There was finally a small role-play quiz involving a hypothetical scandal involving a nuclear tests that were poisoning the lives of thousands of people (The scandal was set in Norway instead of Sweden. I guess that says something about how the Swedes view their neighbours…). One could decide on whether or not to leak the scandal to the press, whether or not to maintain anonymity, how to handle the subsequent publicity and deal with death threats and the like. In the end the results would be analysed to tell the player whether he was conservative, moderate or liberal in terms of allowing freedom of expression, whether one would protect secrets against conscience or unravel them and put other’s lives in danger. It was anything but easy because of the ethical dilemmas it presented, but it definitely prompted me to reconsider how human rights were defined and when it is appropriate to take risks.

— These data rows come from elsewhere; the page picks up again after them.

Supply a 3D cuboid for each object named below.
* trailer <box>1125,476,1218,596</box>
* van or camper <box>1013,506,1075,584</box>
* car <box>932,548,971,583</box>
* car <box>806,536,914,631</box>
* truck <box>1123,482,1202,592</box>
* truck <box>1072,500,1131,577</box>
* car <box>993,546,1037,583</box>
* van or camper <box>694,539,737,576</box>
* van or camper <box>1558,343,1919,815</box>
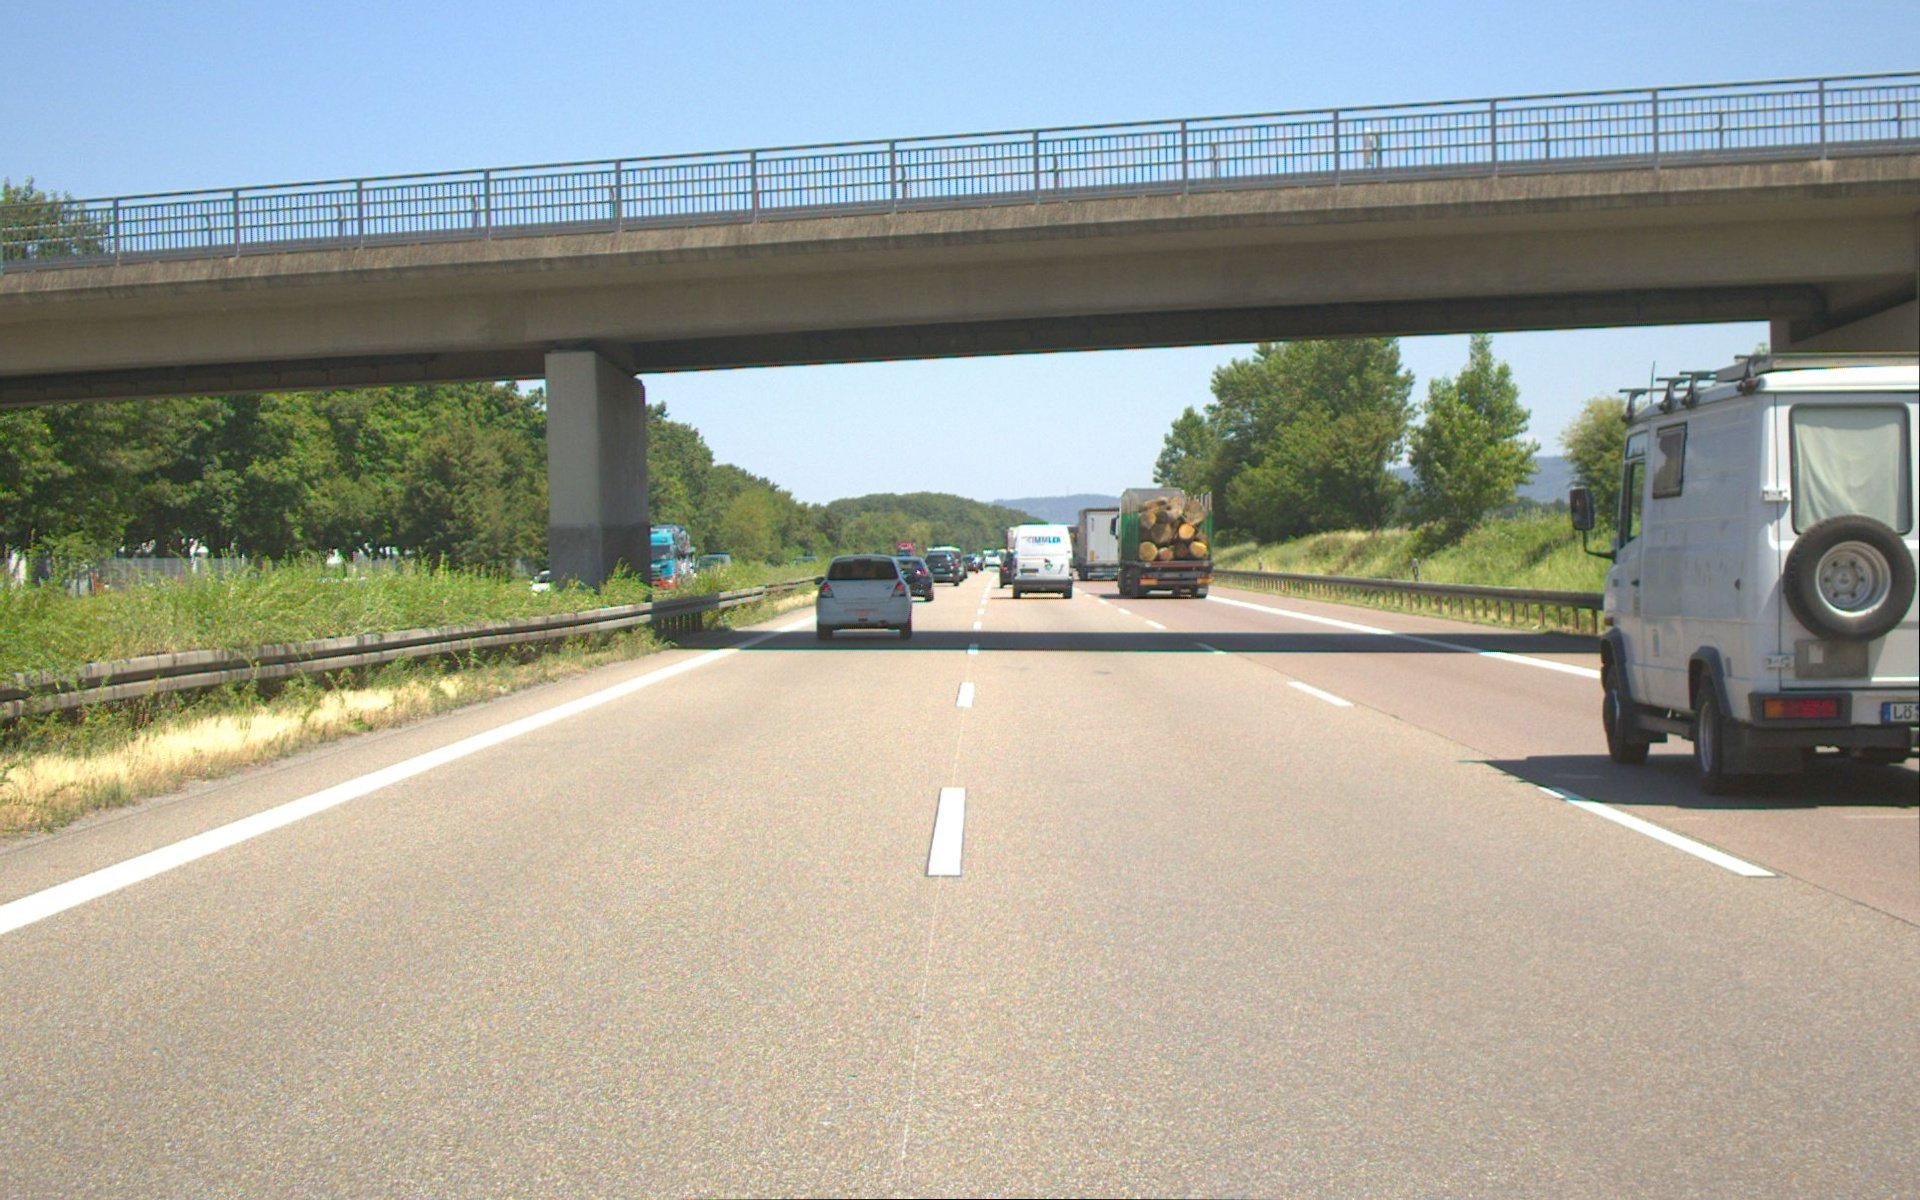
[{"bbox_3d":[7.307,-2.198,120.101,2.653,3.945,13.636,0,1,1],"label":"trailer"},{"bbox_3d":[2.867,-1.878,117.907,2.058,2.613,5.985,0,1,1],"label":"van or camper"},{"bbox_3d":[-0.398,-1.661,165.334,1.857,1.646,4.000,0,1,0],"label":"car"},{"bbox_3d":[-1.777,-0.306,62.262,1.857,1.646,4.000,1,1,0],"label":"car"},{"bbox_3d":[7.445,-2.307,127.111,2.670,3.981,6.636,0,1,1],"label":"truck"},{"bbox_3d":[8.058,-3.451,197.321,3.079,4.194,16.843,1,1,2],"label":"truck"},{"bbox_3d":[2.457,-1.591,153.424,1.857,1.646,4.000,0,1,0],"label":"car"},{"bbox_3d":[-13.238,-2.299,186.237,1.993,1.863,4.456,-3,1,0],"label":"van or camper"},{"bbox_3d":[5.588,-0.152,22.824,2.113,2.694,6.368,0,1,0],"label":"van or camper"}]

Though it wasn’t a very large exhibit, I spent an hour and a half inside, reading every single English word and watching most of the videos. This was definitely one of the most memorable non-art museums I have seen on this trip, and if other museums in Stockholm are of similar quality, I would be extremely delighted. Anyway, after browsing titles by Nobel laureates at the museum bookstore and trying extremely hard not to purchase anything that was available on Amazon.com, I had dinner at Vapiano (Sara had insisted that I should try something else, but other restaurants in the area were much more expensive), and then returned to my hostel. It was a great first day in this exciting city!